Genus of 'dry nosed' primates

Teilhardina (/taihɑːrˈdiːnə/, teye-har-DEE-nuh) is an extinct marmoset-like omomyid primate that lived in Europe, North America and Asia during the Early Eocene epoch, about 56 to 47 million years ago. The paleontologist George Gaylord Simpson named it after the French paleontologist, Jesuit and philosopher Teilhard de Chardin.

==Paleobiology==

Restoration

Carbon isotope excursion suggests that the Asian Teilhardina asiatica is the oldest member of the genus; the youngest is the North American Teilhardina brandti. However finds in Wyoming suggest Teilhardina may have originated in North America.

There are four hypotheses that have been proposed to try and explain the geographic distribution:

1. Africa was the origination of the primates and then they dispersed to Europe, Greenland and finally North America.
2. Primates originated in North America then dispersed to Asia through the Bering route and later passed through Greenland to finally reach Europe.
3. Primates originated in Asia or Africa and dispersed through North America and finally reaching western Europe.
4. Asia was the primate’s origination, they then dispersed eastward towards North America and westward to Europe.

At one point a hypothesis arose that the primates may have originated in India prior to the plate collision with Asia near the Paleocene–Eocene boundary and they spread into Asia afterwards.

These hypotheses were re-evaluated using new morphological evidence and earliest records of Teilhardina species from the continents concerned. The researchers concluded that none of the hypotheses fit the pattern that had emerged from their studies. It is now believed that at the beginning of the Paleocene–Eocene Thermal Maximum Teilhardina dispersed from east to west.
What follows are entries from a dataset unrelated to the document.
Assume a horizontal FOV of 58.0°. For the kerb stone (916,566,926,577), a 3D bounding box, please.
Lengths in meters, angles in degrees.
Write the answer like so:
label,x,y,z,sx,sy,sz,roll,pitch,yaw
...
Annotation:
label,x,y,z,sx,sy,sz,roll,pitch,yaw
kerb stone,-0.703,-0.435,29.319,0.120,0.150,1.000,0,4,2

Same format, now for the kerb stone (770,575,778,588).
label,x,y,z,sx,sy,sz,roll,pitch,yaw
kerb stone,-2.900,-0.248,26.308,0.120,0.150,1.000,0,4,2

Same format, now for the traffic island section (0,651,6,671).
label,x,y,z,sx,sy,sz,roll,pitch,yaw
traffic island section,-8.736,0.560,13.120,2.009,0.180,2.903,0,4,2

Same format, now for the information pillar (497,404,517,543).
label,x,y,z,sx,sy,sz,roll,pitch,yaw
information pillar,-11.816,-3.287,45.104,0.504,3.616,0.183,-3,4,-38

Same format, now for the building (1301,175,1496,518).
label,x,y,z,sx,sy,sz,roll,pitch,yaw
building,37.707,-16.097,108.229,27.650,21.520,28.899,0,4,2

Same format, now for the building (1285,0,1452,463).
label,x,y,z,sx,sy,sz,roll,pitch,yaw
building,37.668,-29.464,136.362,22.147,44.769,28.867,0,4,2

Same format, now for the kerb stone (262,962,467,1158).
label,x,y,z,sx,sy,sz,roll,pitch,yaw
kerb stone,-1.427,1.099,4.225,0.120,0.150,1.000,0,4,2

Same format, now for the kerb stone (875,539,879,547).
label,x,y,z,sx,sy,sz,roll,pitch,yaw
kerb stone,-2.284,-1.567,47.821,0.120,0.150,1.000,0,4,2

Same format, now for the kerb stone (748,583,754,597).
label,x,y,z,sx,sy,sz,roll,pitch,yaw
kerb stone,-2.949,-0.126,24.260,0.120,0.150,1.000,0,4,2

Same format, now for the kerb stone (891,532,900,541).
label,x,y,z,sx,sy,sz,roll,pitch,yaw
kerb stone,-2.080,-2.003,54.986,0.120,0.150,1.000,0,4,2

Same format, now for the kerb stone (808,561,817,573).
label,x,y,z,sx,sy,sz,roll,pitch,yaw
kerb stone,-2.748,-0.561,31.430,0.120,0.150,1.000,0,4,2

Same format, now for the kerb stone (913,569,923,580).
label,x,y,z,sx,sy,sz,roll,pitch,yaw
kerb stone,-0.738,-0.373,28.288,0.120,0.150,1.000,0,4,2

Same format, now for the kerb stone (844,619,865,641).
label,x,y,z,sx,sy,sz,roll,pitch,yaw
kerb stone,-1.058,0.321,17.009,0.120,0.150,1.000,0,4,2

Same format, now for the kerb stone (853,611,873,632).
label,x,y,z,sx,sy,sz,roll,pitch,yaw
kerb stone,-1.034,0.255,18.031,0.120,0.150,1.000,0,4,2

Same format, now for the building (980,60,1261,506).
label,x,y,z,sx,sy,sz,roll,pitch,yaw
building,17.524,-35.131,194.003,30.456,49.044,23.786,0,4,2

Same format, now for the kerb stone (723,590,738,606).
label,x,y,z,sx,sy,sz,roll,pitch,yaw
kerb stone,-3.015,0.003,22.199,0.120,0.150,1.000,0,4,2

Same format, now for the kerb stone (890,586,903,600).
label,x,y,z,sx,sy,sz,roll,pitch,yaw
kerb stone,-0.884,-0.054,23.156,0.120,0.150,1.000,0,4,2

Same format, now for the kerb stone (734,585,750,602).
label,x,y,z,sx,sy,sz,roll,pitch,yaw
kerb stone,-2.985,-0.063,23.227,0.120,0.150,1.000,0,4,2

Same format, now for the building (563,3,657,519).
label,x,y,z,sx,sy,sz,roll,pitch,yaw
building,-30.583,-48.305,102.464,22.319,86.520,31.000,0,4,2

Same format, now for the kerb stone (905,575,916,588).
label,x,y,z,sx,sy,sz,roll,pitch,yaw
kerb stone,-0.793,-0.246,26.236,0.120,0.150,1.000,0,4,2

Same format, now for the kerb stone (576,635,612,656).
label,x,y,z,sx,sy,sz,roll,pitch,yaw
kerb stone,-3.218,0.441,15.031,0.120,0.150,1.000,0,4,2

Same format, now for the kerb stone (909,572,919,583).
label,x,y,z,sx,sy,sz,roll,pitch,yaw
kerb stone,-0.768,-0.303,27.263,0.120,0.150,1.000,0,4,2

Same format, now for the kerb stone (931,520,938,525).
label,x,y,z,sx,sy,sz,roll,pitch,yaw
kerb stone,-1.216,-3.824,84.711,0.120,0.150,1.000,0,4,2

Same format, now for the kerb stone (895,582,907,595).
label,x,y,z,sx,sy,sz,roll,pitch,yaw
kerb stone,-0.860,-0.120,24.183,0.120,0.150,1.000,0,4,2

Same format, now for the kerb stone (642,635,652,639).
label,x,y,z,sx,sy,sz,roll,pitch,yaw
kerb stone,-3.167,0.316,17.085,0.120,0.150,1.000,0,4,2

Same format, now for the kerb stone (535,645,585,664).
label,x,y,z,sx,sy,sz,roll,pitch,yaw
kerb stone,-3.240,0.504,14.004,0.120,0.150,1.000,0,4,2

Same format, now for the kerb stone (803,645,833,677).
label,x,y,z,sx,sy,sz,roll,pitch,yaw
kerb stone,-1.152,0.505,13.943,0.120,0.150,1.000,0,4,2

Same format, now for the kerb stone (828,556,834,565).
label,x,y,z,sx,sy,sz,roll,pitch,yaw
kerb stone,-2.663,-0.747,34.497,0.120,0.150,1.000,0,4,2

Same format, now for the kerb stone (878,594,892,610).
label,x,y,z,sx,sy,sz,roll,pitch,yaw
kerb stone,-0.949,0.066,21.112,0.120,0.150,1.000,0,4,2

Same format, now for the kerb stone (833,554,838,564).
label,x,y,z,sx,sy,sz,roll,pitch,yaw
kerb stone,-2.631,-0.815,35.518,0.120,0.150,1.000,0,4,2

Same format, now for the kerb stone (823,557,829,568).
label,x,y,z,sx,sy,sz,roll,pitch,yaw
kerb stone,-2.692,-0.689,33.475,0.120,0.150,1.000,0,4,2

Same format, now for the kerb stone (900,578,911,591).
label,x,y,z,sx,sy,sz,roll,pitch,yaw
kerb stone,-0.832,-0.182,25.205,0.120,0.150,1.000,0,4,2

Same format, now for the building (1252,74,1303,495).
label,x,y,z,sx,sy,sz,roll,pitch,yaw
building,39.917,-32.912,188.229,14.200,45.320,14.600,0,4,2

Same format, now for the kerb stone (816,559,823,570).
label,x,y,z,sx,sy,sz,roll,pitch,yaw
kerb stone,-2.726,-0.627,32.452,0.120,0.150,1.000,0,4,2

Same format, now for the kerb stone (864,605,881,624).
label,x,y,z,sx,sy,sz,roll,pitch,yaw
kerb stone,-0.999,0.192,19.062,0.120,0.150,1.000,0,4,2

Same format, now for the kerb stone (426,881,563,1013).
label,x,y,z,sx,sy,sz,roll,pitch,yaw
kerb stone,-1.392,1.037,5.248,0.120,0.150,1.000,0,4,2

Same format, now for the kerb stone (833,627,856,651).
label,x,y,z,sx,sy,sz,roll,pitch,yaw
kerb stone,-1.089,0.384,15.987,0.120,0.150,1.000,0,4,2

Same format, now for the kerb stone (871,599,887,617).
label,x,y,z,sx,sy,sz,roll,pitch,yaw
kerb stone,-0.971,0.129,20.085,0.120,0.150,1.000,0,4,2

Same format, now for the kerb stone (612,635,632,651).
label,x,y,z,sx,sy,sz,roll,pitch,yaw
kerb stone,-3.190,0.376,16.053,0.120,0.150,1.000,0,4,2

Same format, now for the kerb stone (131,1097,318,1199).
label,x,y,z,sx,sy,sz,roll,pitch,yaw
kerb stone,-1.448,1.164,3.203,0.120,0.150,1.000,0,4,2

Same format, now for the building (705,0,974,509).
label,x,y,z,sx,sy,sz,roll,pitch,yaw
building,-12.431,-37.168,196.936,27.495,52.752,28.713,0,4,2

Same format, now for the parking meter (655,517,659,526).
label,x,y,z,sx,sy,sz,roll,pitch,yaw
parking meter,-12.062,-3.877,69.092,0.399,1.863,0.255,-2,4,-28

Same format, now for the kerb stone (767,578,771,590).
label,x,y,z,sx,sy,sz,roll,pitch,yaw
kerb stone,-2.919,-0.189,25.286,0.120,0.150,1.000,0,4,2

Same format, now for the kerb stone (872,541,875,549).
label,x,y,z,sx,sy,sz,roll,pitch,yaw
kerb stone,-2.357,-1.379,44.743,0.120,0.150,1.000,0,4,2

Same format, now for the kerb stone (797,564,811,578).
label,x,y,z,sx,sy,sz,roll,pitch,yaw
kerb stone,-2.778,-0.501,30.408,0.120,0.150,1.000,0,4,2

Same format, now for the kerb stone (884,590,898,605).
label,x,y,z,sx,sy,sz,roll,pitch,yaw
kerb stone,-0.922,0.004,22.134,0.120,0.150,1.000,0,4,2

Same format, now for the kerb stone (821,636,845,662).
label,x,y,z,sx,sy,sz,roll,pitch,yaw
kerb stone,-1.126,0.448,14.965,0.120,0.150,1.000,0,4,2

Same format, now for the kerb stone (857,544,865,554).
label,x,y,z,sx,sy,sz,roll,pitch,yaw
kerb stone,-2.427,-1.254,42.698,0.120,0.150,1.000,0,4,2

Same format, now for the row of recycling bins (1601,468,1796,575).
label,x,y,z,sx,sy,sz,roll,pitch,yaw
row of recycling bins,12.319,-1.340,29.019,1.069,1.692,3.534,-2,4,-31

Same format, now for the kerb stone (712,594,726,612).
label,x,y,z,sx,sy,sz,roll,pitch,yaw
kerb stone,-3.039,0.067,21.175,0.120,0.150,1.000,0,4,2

The earliest primates migrated across the Turgai Straits from South Asia to Europe, finally dispersing to North America through Greenland.

==Taxonomy==
Although Teilhardina has been usually assigned to Omomyidae, it has also been recovered as polyphyletic, with T. belgica and T. asiatica nested as the basalmost haplorrhines, and others being recovered as anaptomorphine omomyids (and thus more closely related to tarsiers than to simians). T. crassidens has been referred to the genus Baataromomys, but has also been assigned to the new genus Bownomomys along with T. americana.

==Species==
Teilhardina magnoliana is the earliest known North American primate; its fossil was first discovered in the US state of Mississippi. It was a tree-dwelling fur-covered tiny creature with a long, slender tail; the tail was significantly longer than the body.

The discoverer, K. Christopher Beard of the Carnegie Museum of Natural History (Pittsburgh, Pennsylvania), posited that Teilhardina magnolianas ancestors crossed the land bridge from Siberia to the Americas, possibly more than 55.8 million years ago, although the age of the discovered fossil is a matter of disagreement. The animal weighed approximately 1 oz.